That was February 2004. A judge declared Burrell mentally retarded and incompetent to stand trial on burglary and petty theft charges.
He spent two years at a state hospital. Because he didn't get better, the charges were dropped in June 2006.
But Burrell, discharged from the hospital, remained in a Hillsborough County jail on a judge's orders awaiting placement in a facility that met his mental and physical needs.
The placement never came. Burrell languished in jail for 432 days, released Tuesday only after Hillsborough Circuit Judge Debra Behnke intervened and paused the man's fall through fissures in both the criminal justice and social services systems.
"Somebody's got to do something," Behnke said.

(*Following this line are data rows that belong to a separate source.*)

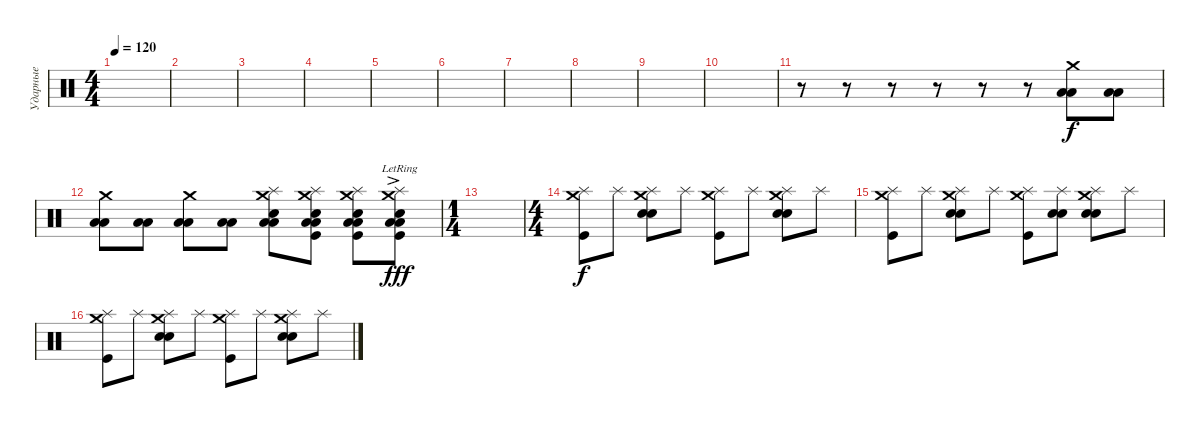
\track ("Ударные" "Ударные") {instrument percussion}
\staff {score}
\articulation defaults
\ts (4 4)
\tempo 120
\clef neutral
\ks c
|
|
|
|
|
|
|
|
|
|
r.8 r.8 r.8 r.8 r.8 r.8 ("Crash medium (hit)" "Low Floor Tom (hit)" "Low Floor Tom (hit)").8 ("Low Floor Tom (hit)" "Low Floor Tom (hit)").8 |
("Crash medium (hit)" "Low Floor Tom (hit)" "Low Floor Tom (hit)").8 ("Low Floor Tom (hit)" "Low Floor Tom (hit)").8 ("Crash medium (hit)" "Low Floor Tom (hit)" "Low Floor Tom (hit)").8 ("Low Floor Tom (hit)" "Low Floor Tom (hit)").8 ("Crash medium (hit)" "Splash (hit)" "Low Floor Tom (hit)" "Low Floor Tom (hit)" "Electric Snare (hit)").8 ("Crash medium (hit)" "Splash (hit)" "Low Floor Tom (hit)" "Low Floor Tom (hit)" "Electric Snare (hit)" "Kick (hit)").8 ("Crash medium (hit)" "Splash (hit)" "Low Floor Tom (hit)" "Low Floor Tom (hit)" "Electric Snare (hit)" "Kick (hit)").8 ("Crash medium (hit)"{lr} "Splash (hit)"{ac lr} "Low Floor Tom (hit)"{lr} "Low Floor Tom (hit)"{lr} "Electric Snare (hit)"{lr} "Kick (hit)"{lr}).8{dy fff} |
\ts (1 4)
|
\ts (4 4)
("Crash medium (hit)" "Splash (hit)" "Kick (hit)").8{dy f} "Splash (hit)".8 ("Crash medium (hit)" "Splash (hit)" "Electric Snare (hit)" "Electric Snare (hit)").8 "Splash (hit)".8 ("Crash medium (hit)" "Splash (hit)" "Kick (hit)").8 "Splash (hit)".8 ("Crash medium (hit)" "Splash (hit)" "Electric Snare (hit)" "Electric Snare (hit)").8 "Splash (hit)".8 |
("Crash medium (hit)" "Splash (hit)" "Kick (hit)").8 "Splash (hit)".8 ("Crash medium (hit)" "Splash (hit)" "Electric Snare (hit)" "Electric Snare (hit)").8 "Splash (hit)".8 ("Crash medium (hit)" "Splash (hit)" "Kick (hit)").8 ("Splash (hit)" "Snare (hit) 2" "Snare (hit) 2").8 ("Crash medium (hit)" "Splash (hit)" "Electric Snare (hit)" "Electric Snare (hit)").8 "Splash (hit)".8 |
("Crash medium (hit)" "Splash (hit)" "Kick (hit)").8 "Splash (hit)".8 ("Crash medium (hit)" "Splash (hit)" "Electric Snare (hit)" "Electric Snare (hit)").8 "Splash (hit)".8 ("Crash medium (hit)" "Splash (hit)" "Kick (hit)").8 "Splash (hit)".8 ("Crash medium (hit)" "Splash (hit)" "Electric Snare (hit)" "Electric Snare (hit)").8 "Splash (hit)".8

The case follows a fight that erupted in Pinellas County last fall, when a judge threatened the head of the Florida Department of Children and Families with fines and jail time if the agency didn't move mentally ill inmates to state hospitals more quickly.
Hillsborough officials blame Burrell's long wait on the state Agency for Persons with Disabilities, which has jurisdiction over inmates who are mentally retarded.
Agency officials said Tuesday that Burrell remains on their active client list but was supposed to be placed in a facility for long-term care by a jail employee with help from yet another state agency.
Everyone agrees that the Tampa man's case appears to be an anomaly.
Burrell, 41, is no stranger to incarceration. Between 1994 and 2004, Florida authorities arrested him more than a dozen times on charges including burglary and grand theft. He went to prison three times for a total of about 4 1/2 years.
Twenty days after he was released from prison in 2004, police accused him of burglarizing the BMW.
Mental decline
During his subsequent two-year stay in the Mentally Retarded Defendant Program in Chattahoochee, his physical and mental condition deteriorated to the point that he was no longer able to function independently, court records show.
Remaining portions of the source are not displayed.